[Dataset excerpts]
=====

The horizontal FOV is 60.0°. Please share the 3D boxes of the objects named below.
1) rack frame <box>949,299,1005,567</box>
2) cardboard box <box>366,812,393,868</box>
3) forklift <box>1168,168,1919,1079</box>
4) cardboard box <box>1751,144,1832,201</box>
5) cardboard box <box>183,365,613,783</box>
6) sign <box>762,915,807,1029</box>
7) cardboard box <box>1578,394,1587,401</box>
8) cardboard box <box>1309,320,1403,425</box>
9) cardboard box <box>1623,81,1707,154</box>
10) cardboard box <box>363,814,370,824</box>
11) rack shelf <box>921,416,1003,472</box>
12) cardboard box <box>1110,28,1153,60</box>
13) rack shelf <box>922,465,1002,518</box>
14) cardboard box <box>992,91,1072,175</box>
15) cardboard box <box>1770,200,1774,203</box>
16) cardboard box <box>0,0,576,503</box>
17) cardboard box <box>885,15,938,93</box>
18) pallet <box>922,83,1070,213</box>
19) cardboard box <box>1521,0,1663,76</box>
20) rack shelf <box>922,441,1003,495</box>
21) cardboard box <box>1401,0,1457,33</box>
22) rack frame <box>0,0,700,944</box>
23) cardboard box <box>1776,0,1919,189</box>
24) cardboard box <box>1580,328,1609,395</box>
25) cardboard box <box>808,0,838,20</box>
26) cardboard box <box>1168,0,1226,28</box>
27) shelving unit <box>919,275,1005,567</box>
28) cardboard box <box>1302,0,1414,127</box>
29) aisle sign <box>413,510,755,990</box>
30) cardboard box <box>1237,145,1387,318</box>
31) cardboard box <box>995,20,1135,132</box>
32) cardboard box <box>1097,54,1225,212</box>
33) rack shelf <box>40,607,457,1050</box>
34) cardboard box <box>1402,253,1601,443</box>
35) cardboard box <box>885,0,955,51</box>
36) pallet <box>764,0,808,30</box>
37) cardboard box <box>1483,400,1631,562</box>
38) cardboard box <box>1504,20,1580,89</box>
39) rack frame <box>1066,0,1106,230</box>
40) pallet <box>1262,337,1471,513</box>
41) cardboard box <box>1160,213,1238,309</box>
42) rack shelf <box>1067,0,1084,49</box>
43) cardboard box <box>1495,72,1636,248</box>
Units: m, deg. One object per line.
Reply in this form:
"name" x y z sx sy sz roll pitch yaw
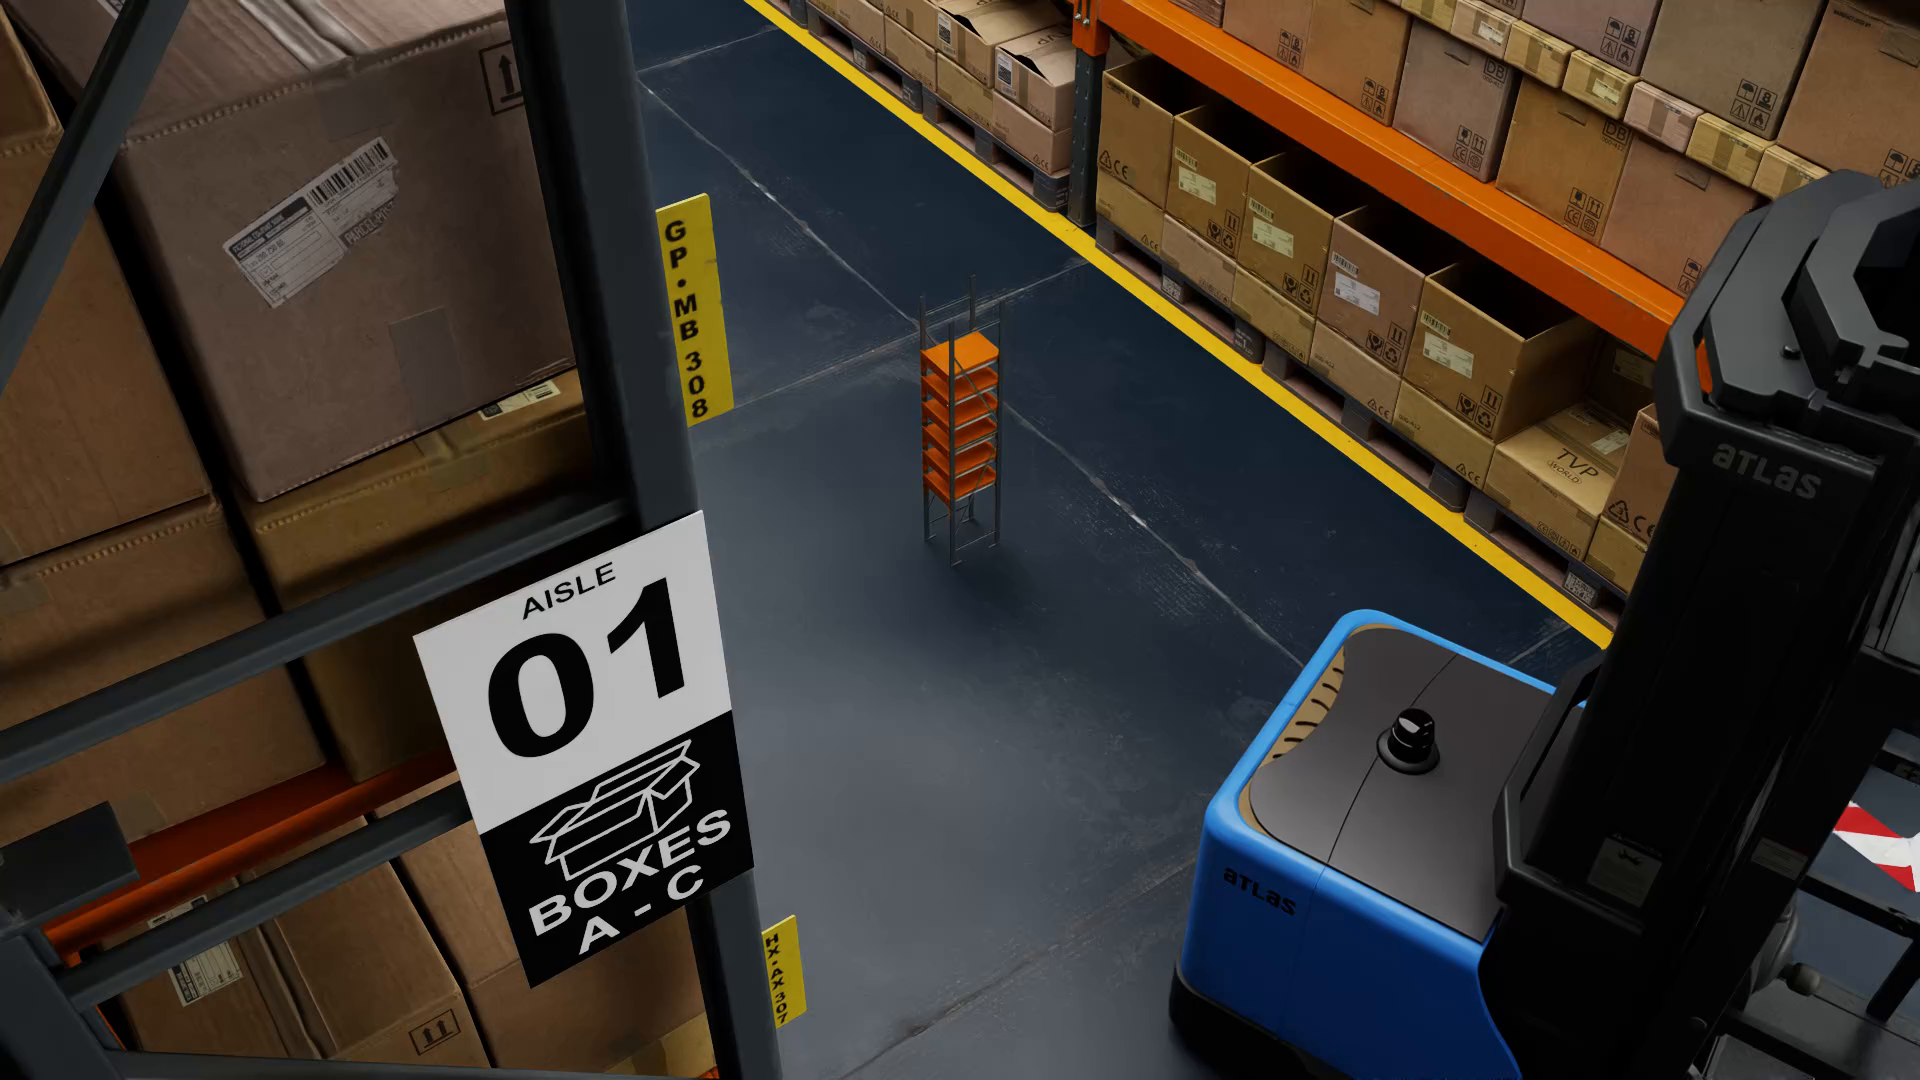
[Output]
"rack frame" 0.061 -0.374 6.273 0.240 1.200 0.006 -26 49 -24
"cardboard box" -1.085 0.445 3.662 0.500 0.500 0.500 -26 49 -24
"forklift" 2.150 0.746 3.845 3.031 2.935 1.130 25 49 24
"cardboard box" 2.751 -1.176 5.268 0.380 0.149 0.250 -25 49 -23
"cardboard box" -0.770 -0.074 2.396 0.500 0.500 0.500 -24 49 -23
"sign" -0.339 0.815 3.097 0.100 0.325 0.005 -26 49 -24
"cardboard box" 2.578 -0.730 7.030 0.500 0.250 0.500 -26 49 -24
"cardboard box" 1.860 -0.806 7.109 0.500 0.250 0.500 -26 49 -24
"cardboard box" 2.462 -1.464 5.569 0.380 0.149 0.250 -25 49 -24
"cardboard box" -1.508 0.646 3.452 0.500 0.500 0.500 -25 49 -24
"rack shelf" 0.008 -0.394 6.358 0.258 0.103 0.180 -26 49 -24
"cardboard box" 0.956 -2.575 8.556 0.500 0.311 0.500 -26 49 -24
"rack shelf" 0.008 -0.220 6.524 0.258 0.103 0.180 -26 49 -24
"cardboard box" 0.513 -2.160 8.527 0.500 0.250 0.500 -26 50 -25
"cardboard box" 3.020 -0.922 5.471 0.700 0.500 0.500 -26 49 -24
"cardboard box" -0.806 -0.462 2.078 0.500 0.500 0.500 -29 51 -27
"cardboard box" -0.068 -2.736 9.131 0.500 0.250 0.500 -25 49 -24
"pallet" 0.535 -2.275 8.980 1.003 0.211 1.213 -26 49 -24
"cardboard box" 2.395 -2.002 5.663 0.700 0.500 0.500 -26 49 -24
"rack shelf" 0.008 -0.307 6.441 0.258 0.103 0.180 -26 49 -24
"cardboard box" 1.872 -2.048 6.181 0.380 0.149 0.250 -26 49 -25
"rack frame" -0.784 -0.827 1.100 1.000 3.000 0.127 -26 49 -24
"cardboard box" 2.990 -1.421 5.055 0.700 0.500 0.500 -26 49 -24
"cardboard box" 2.568 -0.997 6.766 0.500 0.500 0.500 -26 49 -24
"cardboard box" -0.651 -3.316 9.738 0.500 0.250 0.500 -27 50 -25
"cardboard box" 1.247 -2.669 7.301 0.700 0.500 0.500 -27 50 -25
"shelving unit" 0.008 -0.426 6.327 0.258 1.200 0.189 -26 49 -24
"cardboard box" 1.838 -2.087 6.692 0.700 0.500 0.500 -25 49 -24
"aisle sign" -0.497 0.324 2.355 0.394 0.787 0.004 -26 49 -24
"cardboard box" 1.569 -1.358 7.144 0.500 0.500 0.500 -26 49 -24
"cardboard box" 0.521 -2.358 8.329 0.500 0.311 0.500 -26 49 -24
"cardboard box" 0.997 -1.924 7.737 0.500 0.500 0.500 -26 49 -24
"rack shelf" -1.928 -0.615 3.571 1.077 0.370 4.000 -26 49 -24
"cardboard box" 2.142 -0.792 6.551 0.500 0.500 0.500 -26 49 -24
"cardboard box" -0.065 -2.934 8.932 0.500 0.311 0.500 -26 49 -25
"pallet" -0.861 -3.657 10.428 1.003 0.211 1.213 -26 49 -24
"cardboard box" 2.432 -0.239 6.515 0.500 0.250 0.500 -26 49 -24
"cardboard box" 2.160 -1.761 5.880 0.380 0.149 0.250 -24 49 -23
"rack frame" 0.988 -2.882 7.597 1.000 3.000 0.127 -26 49 -24
"pallet" 2.111 -0.715 7.346 1.003 0.211 1.213 -26 49 -24
"cardboard box" 1.287 -1.372 7.702 0.500 0.250 0.500 -26 49 -24
"rack shelf" -0.156 -3.754 9.031 1.077 0.370 4.000 -26 49 -24
"cardboard box" 2.436 -1.501 6.078 0.700 0.500 0.500 -25 49 -24

=====

Exercise requirements: Given the data above, transcribe exactly the lines from the one containing "30) cardboard box" down to the one containing "36) pallet <box>764,0,808,30</box>", and no others.

Response box:
30) cardboard box <box>1237,145,1387,318</box>
31) cardboard box <box>995,20,1135,132</box>
32) cardboard box <box>1097,54,1225,212</box>
33) rack shelf <box>40,607,457,1050</box>
34) cardboard box <box>1402,253,1601,443</box>
35) cardboard box <box>885,0,955,51</box>
36) pallet <box>764,0,808,30</box>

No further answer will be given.